Nick Offerman is a fan of National Parks. We all should be, really, because they’re wonderful places that are shining examples of the nation’s natural beauty. They’re not great money-makers, though, and under Trump’s Big Beautiful Bill, they’re being decimated. Which is why Offerman, star of Parks and Rec and one absolutely astounding performance in The Last of Us, sat down on The Daily Show to sound the alarm.

“Our beautiful National Parks were the brainchild of Theodore Roosevelt — Teddy, if you’re nasty — and environmentalist John Muir, who you may recognize as the old man in Home Alone,” he deadpanned. “America’s National Parks, as the kids say, slay.”

The so-called Big Beautiful Bill is decidedly bad for the National Parks. Budgets and staff are being axed. The National Park Service (NPS), the U.S. Forest Service (USFS), the Bureau of Land Management (BLM), and the U.S. Fish and Wildlife Service (FWS) are being decimated.

According to American Progress, “the proposed budget includes a nearly $4 billion cut to national parks, national forests, wildlife refuges, wilderness and recreation areas, and more.”

Offerman went on to criticize Trump for his plans to cut National Park budgets by $267 million, while increasing admission for foreign visitors.

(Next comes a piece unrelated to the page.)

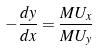Convert formula to latex. <formula><loc_0><loc_0><loc_500><loc_500>- \frac { d y } { d x } = \frac { M U _ { x } } { M U _ { y } }</formula> 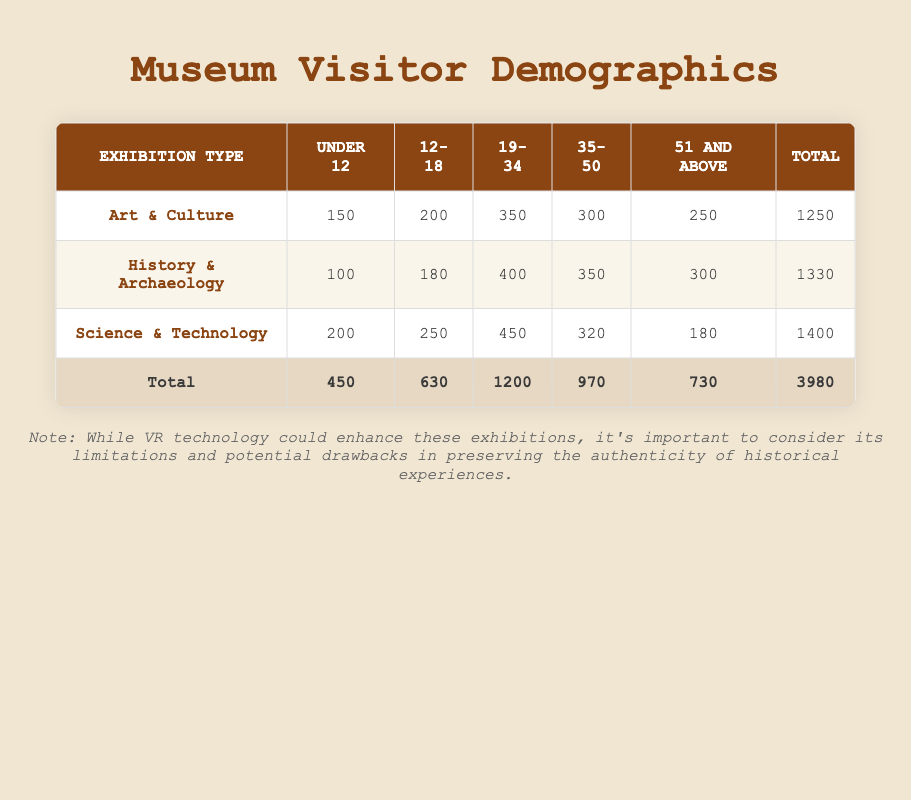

“Let me get this straight, Mr. President,” Offerman said. “You cut $267 million to get back $90 million. Now, I’m no mathematician, but I believe that’s called shitting the bed. But then again, I didn’t go to Wharton Business College.”

He then explained how America’s National Parks are a treasure to everyone, including citizens.

“That is the true miracle of our national parks,” Offerman said. “It is an affordable vacation that everyone can take inside our own borders, whether you’re traveling with your family or abandoning your constituents during a crisis.”

While the mostly-comedic actor presented in a joking manner, the subject matter is a serious one that anyone who loves the outdoors and National Parks in particular should be listening to.